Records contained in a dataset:

========

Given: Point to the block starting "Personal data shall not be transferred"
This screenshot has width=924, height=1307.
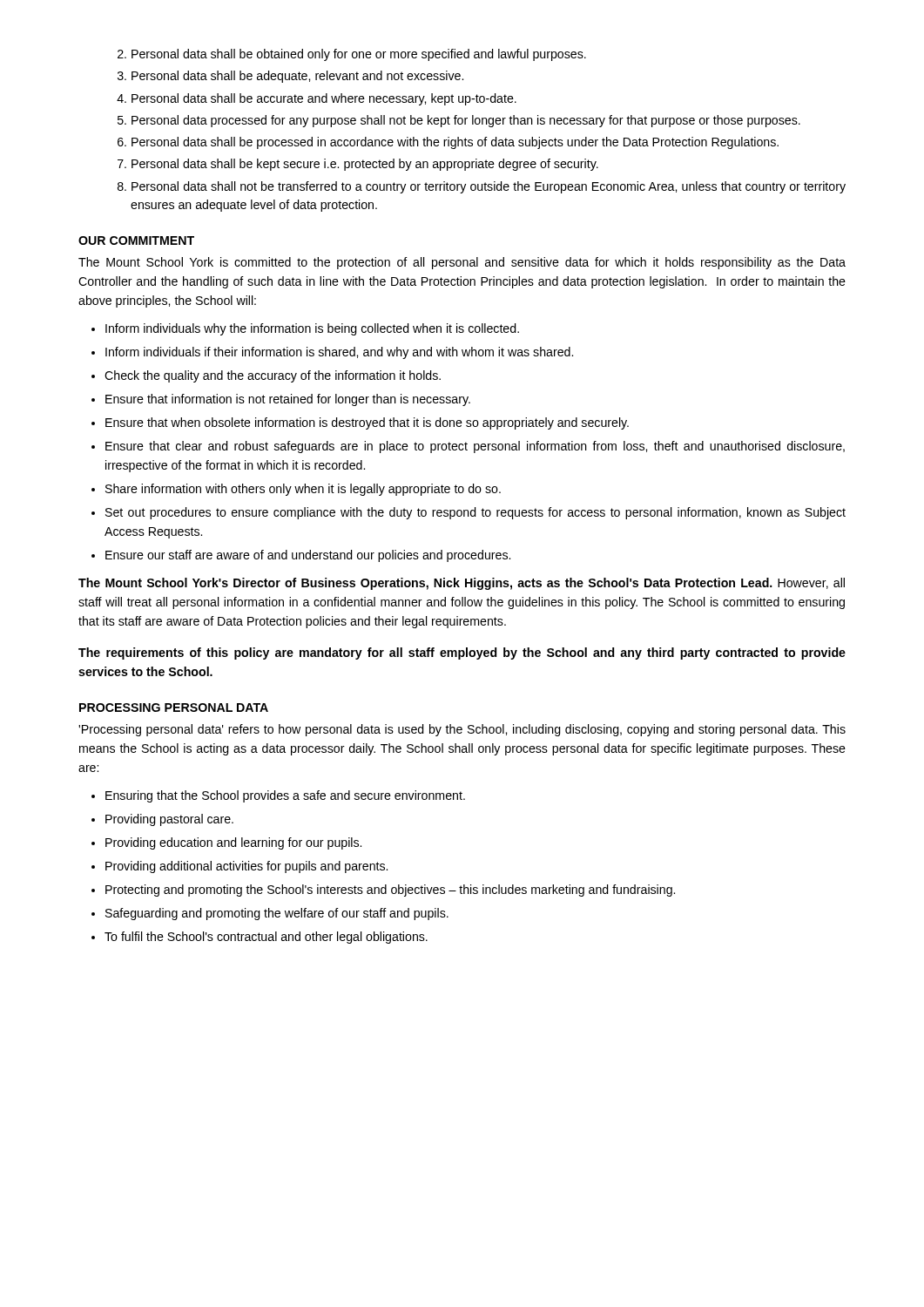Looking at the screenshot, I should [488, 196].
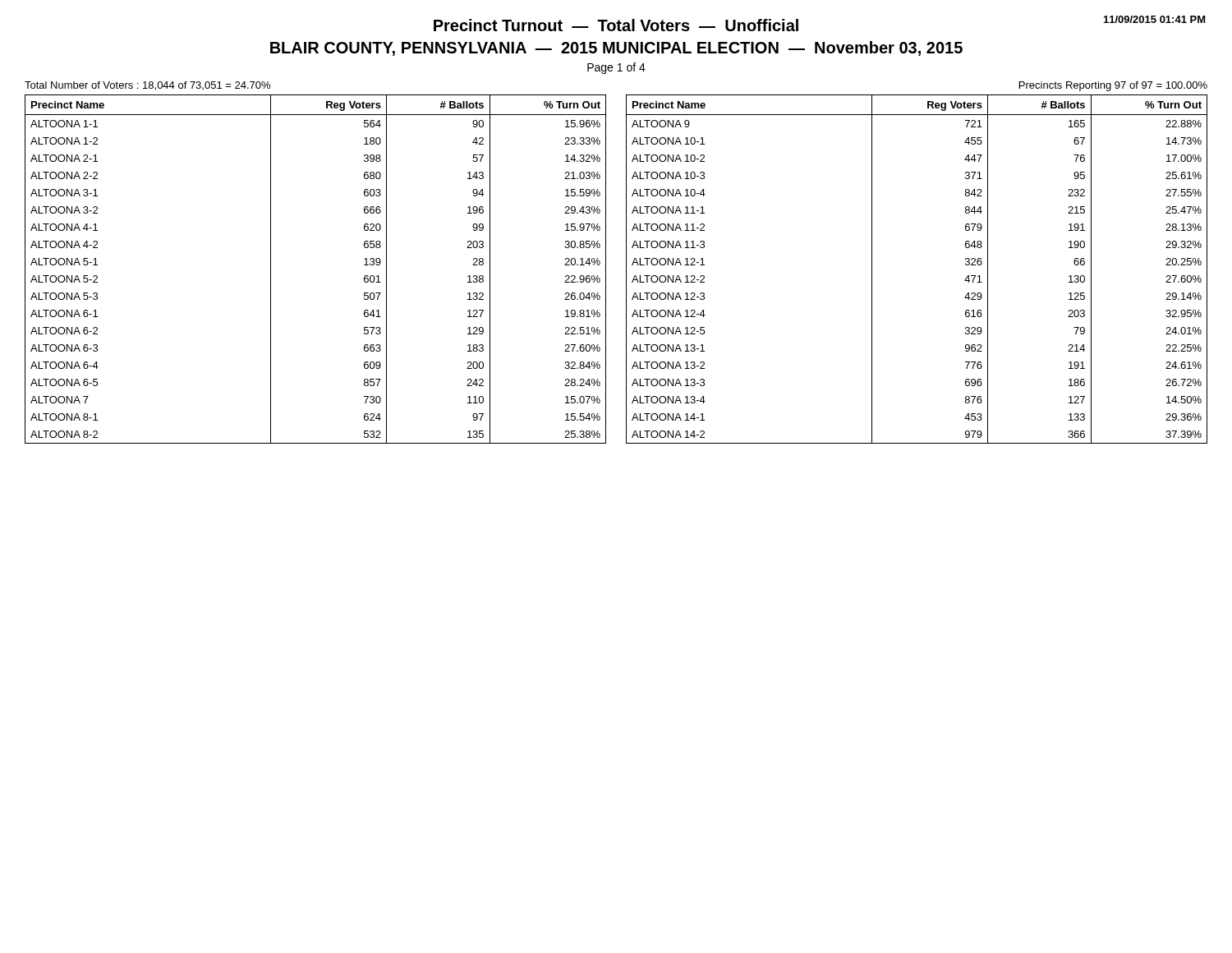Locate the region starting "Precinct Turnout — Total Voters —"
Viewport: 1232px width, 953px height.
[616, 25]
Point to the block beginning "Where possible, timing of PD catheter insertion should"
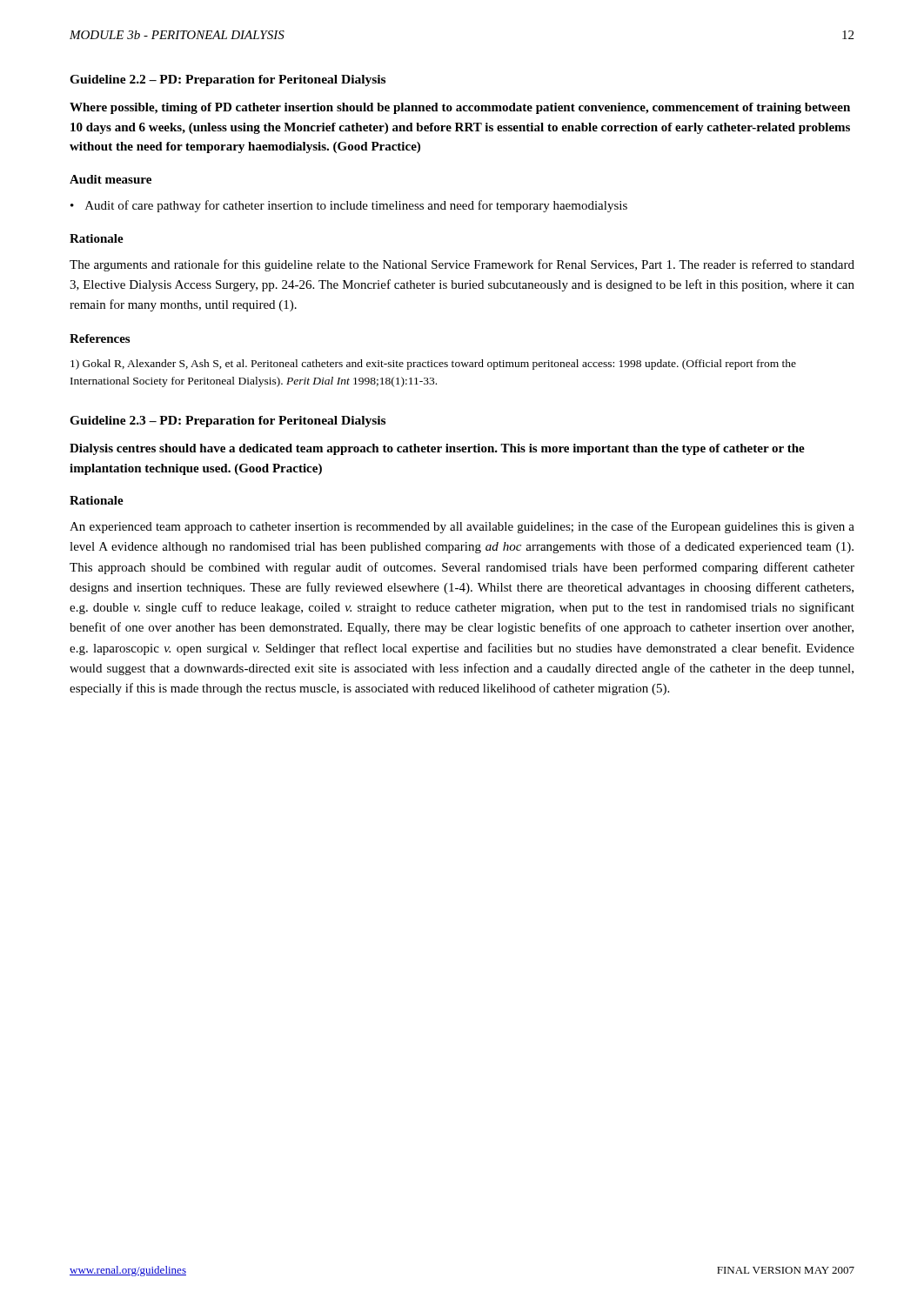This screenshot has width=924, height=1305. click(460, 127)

========

Without including the pictures, return each record above exactly as it stands.

# PROBLEM SOLUTION:
Given: Point to the block starting "Personal data shall not be transferred"
This screenshot has width=924, height=1307.
Looking at the screenshot, I should [488, 196].
Locate the region starting "Precinct Turnout — Total Voters —"
Viewport: 1232px width, 953px height.
[616, 25]
Point to the block beginning "Where possible, timing of PD catheter insertion should"
This screenshot has width=924, height=1305. click(460, 127)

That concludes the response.